For wheat, this involves obtaining grain from various regions like North America, Australia and Europe. For vegetable oils, this means researching a range of oils, being less reliant on one type of oil (palm, soy, sunflower and rapeseed). But such changes come at a price. They can increase the cost of ingredients, working capital requirements and complexities of formulation.
Conclusion
Two key commodities, wheat and sunflower oil, dominated the impact of the Russia-Ukraine war on FMCG markets. Their significance was not just their export volume, but their use within the FMCG products.
It highlighted the impact of concentrated commodity supplies on the entire FMCG supply chain. Bakery, noodles, cereals and packaged staples were affected by rising wheat prices. The shortage of sunflower oil was passed along to edible oils, snacks and processed foods, but it also led to oil price inflation. Input shocks pushed up companies’ costs, triggered price adjustments, depressed volumes and shifted consumption.

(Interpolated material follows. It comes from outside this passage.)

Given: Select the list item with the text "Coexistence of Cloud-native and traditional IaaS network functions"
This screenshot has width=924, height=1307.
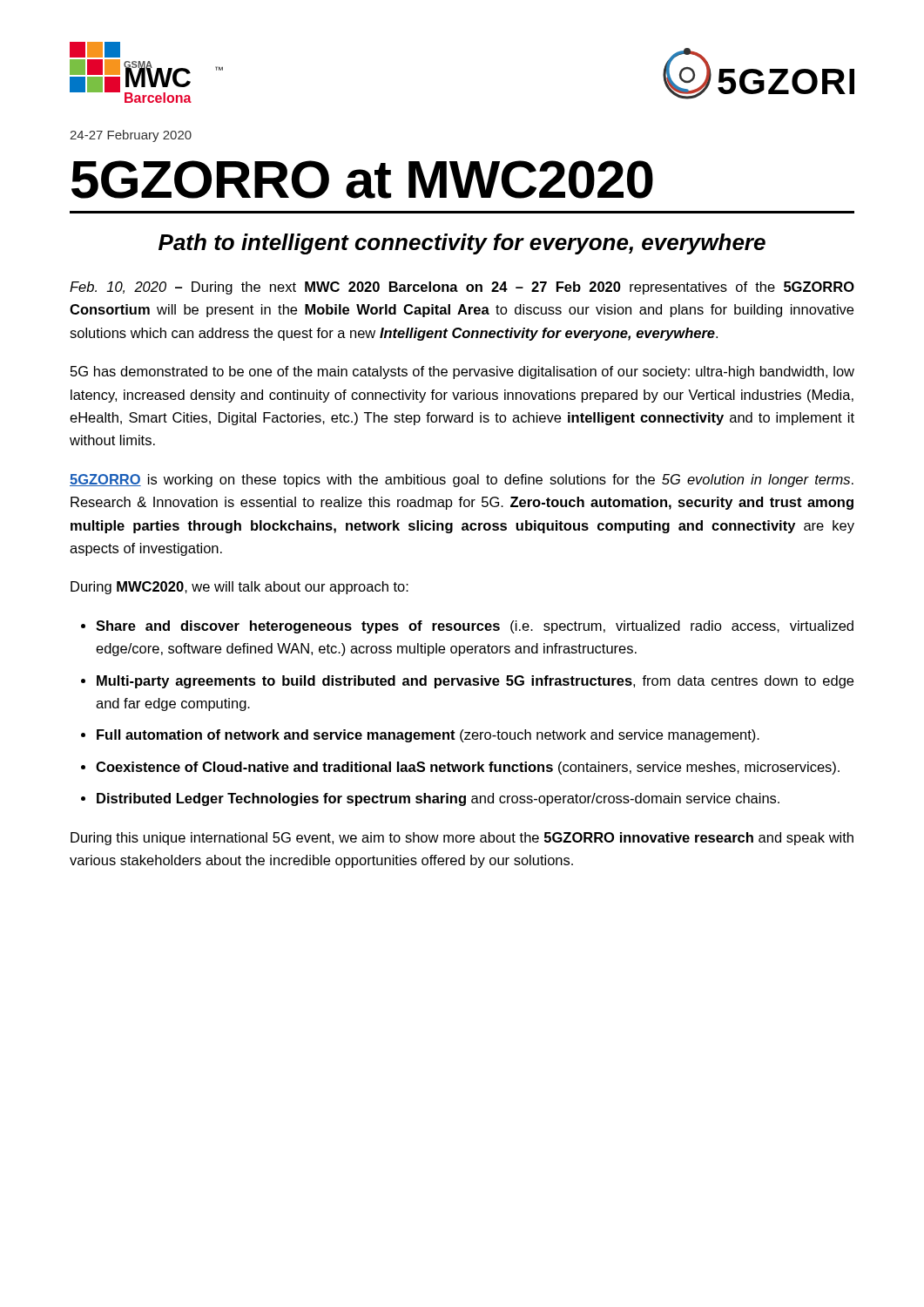Looking at the screenshot, I should click(468, 767).

The long-term lessons is that FMCG business can no longer think of ag inputs as a constant environmental backdrop. Products such as wheat and sunflower oil have become focal points of the insertion of geopolitics into the market. Future vulnerability of the sector requires a combination of brand and distribution, but also flexibility and pricing strength, and the delivery of geopolitical risk management.